WORK REQUIRED: What you return should be the lines of the data containing "down", each in full.
+--
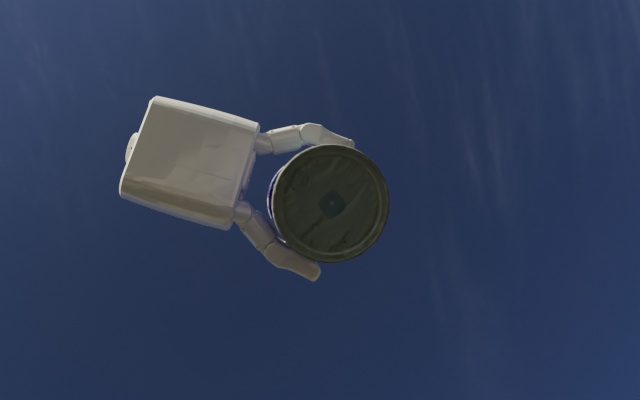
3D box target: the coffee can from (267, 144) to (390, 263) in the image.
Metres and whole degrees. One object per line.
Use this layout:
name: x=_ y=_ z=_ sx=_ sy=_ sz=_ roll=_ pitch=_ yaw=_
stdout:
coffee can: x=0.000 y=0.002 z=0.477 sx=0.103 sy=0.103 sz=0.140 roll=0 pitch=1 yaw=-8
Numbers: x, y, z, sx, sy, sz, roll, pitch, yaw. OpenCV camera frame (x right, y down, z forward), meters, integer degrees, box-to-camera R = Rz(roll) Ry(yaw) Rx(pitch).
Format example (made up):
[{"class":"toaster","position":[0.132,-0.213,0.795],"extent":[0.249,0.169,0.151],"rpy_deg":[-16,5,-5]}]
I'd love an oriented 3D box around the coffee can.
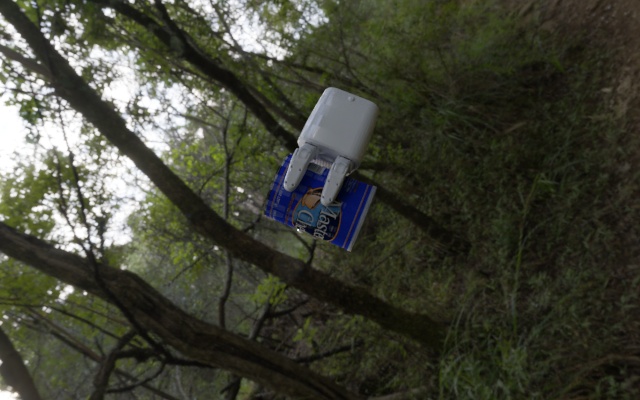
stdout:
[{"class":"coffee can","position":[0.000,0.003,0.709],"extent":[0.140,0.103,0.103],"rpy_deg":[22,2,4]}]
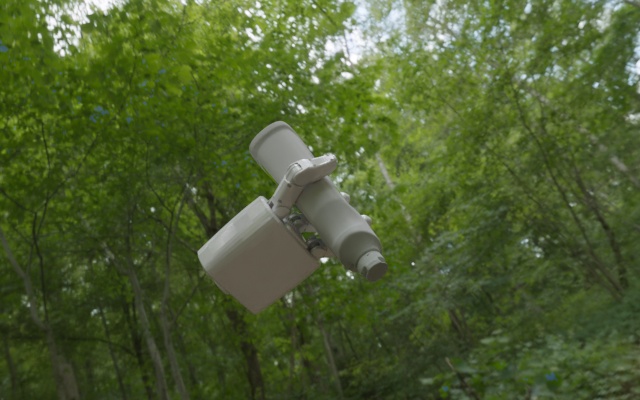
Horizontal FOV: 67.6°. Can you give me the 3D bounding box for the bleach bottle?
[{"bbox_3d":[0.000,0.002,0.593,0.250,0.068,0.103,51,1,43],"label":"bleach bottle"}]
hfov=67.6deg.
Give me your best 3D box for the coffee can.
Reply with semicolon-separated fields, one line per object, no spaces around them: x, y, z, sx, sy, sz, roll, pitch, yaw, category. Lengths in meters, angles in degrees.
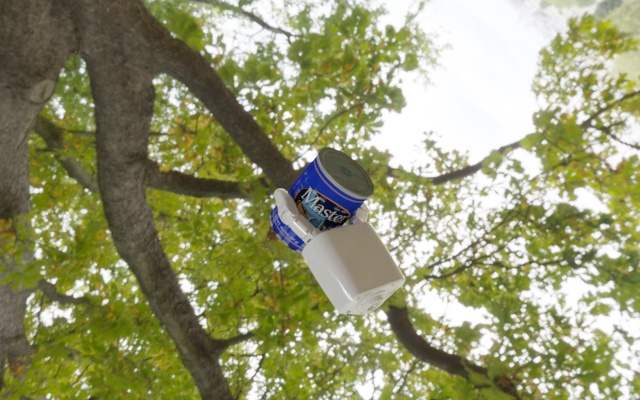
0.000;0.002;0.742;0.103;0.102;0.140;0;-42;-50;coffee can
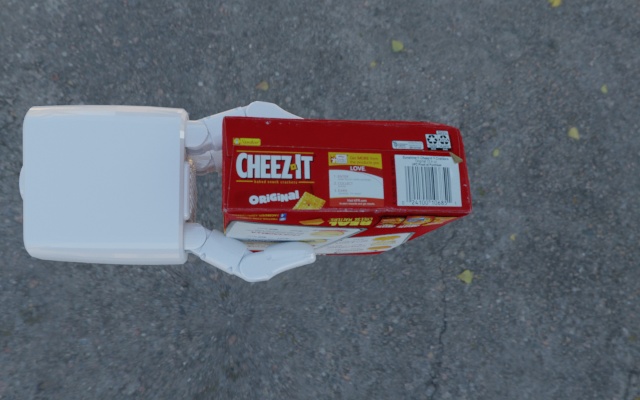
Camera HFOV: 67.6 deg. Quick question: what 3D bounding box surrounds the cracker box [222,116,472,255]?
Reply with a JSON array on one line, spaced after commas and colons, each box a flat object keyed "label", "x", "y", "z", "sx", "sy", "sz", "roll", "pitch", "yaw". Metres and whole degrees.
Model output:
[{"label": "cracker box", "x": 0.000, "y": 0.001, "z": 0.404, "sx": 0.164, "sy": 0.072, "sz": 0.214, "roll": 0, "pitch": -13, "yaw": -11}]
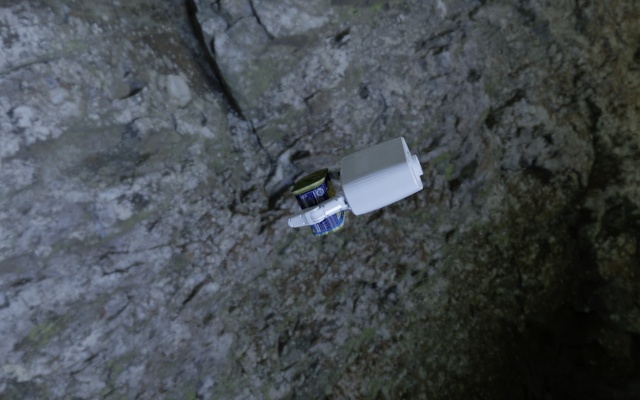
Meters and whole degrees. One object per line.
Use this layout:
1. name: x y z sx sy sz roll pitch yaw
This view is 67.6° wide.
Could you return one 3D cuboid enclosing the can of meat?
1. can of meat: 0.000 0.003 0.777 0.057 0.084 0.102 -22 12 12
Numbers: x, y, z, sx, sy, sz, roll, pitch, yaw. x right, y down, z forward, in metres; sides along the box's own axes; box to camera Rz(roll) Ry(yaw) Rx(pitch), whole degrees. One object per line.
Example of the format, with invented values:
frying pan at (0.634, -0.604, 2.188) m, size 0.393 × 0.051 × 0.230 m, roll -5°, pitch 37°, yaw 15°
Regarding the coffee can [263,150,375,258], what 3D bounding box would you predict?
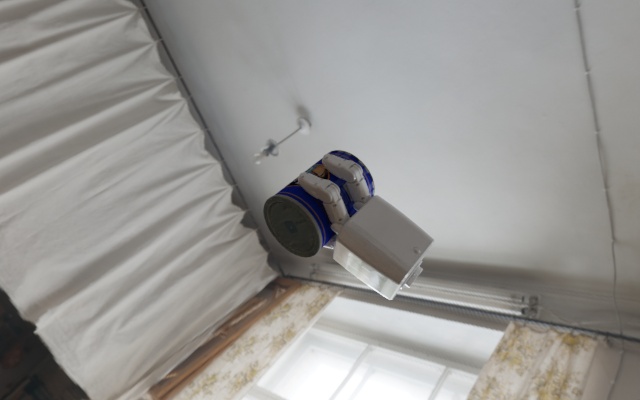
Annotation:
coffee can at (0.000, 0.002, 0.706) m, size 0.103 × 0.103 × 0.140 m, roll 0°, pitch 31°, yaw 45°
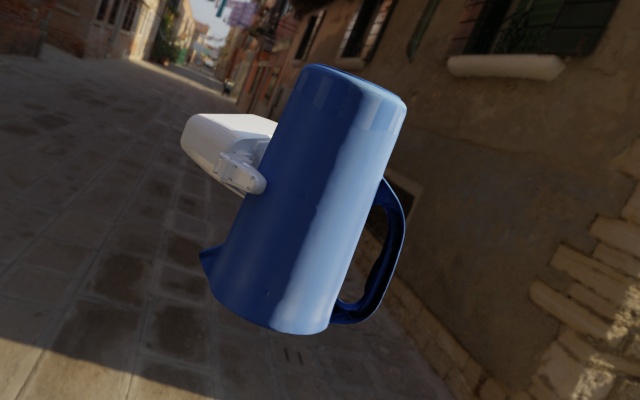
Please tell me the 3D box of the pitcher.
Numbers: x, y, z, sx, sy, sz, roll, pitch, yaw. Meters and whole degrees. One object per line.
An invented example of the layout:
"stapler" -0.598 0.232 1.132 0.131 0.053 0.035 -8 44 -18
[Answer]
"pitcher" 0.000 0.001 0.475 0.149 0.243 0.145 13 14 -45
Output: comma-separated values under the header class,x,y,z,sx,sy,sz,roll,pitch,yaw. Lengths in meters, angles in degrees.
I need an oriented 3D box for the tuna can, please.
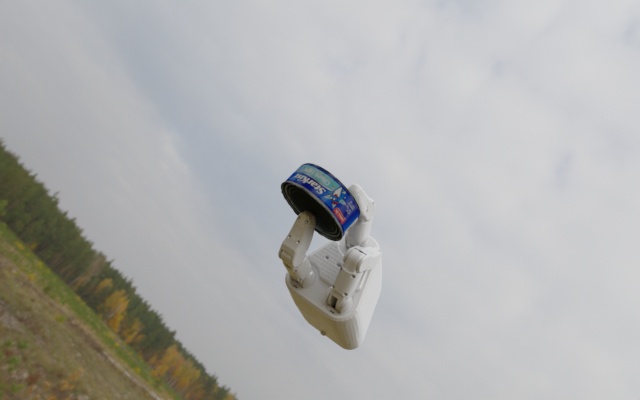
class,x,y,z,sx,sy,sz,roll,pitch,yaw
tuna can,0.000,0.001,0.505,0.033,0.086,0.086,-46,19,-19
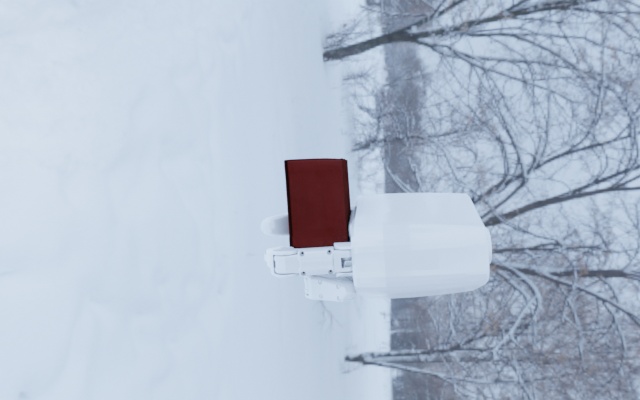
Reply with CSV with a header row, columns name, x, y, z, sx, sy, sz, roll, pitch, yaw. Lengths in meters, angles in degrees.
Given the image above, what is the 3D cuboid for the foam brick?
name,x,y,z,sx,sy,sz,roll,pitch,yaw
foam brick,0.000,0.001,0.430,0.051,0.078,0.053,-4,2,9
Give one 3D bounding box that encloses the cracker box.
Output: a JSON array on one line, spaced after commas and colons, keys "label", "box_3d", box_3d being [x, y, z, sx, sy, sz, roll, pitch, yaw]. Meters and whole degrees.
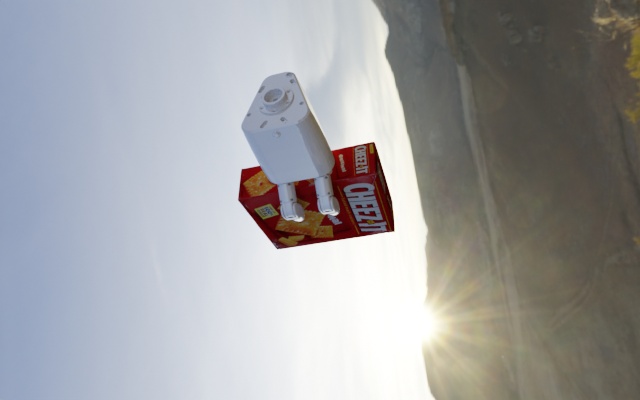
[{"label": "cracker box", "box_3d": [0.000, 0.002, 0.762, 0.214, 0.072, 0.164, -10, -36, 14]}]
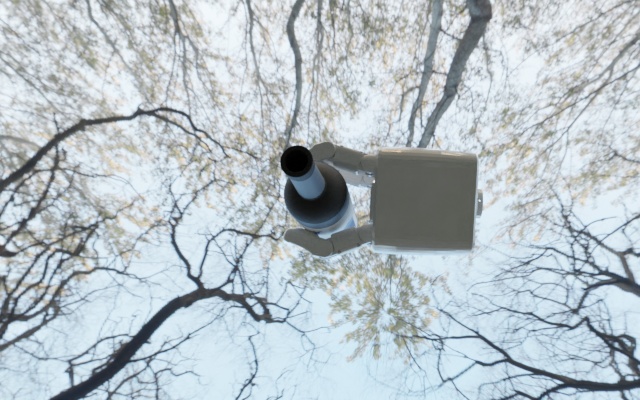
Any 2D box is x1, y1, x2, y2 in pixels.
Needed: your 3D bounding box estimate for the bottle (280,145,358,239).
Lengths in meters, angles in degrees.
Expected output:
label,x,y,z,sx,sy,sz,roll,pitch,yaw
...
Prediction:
+--
TASK OUTPUT:
Numbers: x, y, z, sx, sy, sz, roll, pitch, yaw. OpenCV camera frame (x right, y down, z forward), meters, integer degrees, box-to-camera R = Rz(roll) Ry(yaw) Rx(pitch).
Numbers: x, y, z, sx, sy, sz, roll, pitch, yaw. x right, y down, z forward, in metres; sides along the box's own axes; box to camera Rz(roll) Ry(yaw) Rx(pitch), whole degrees. One object per line.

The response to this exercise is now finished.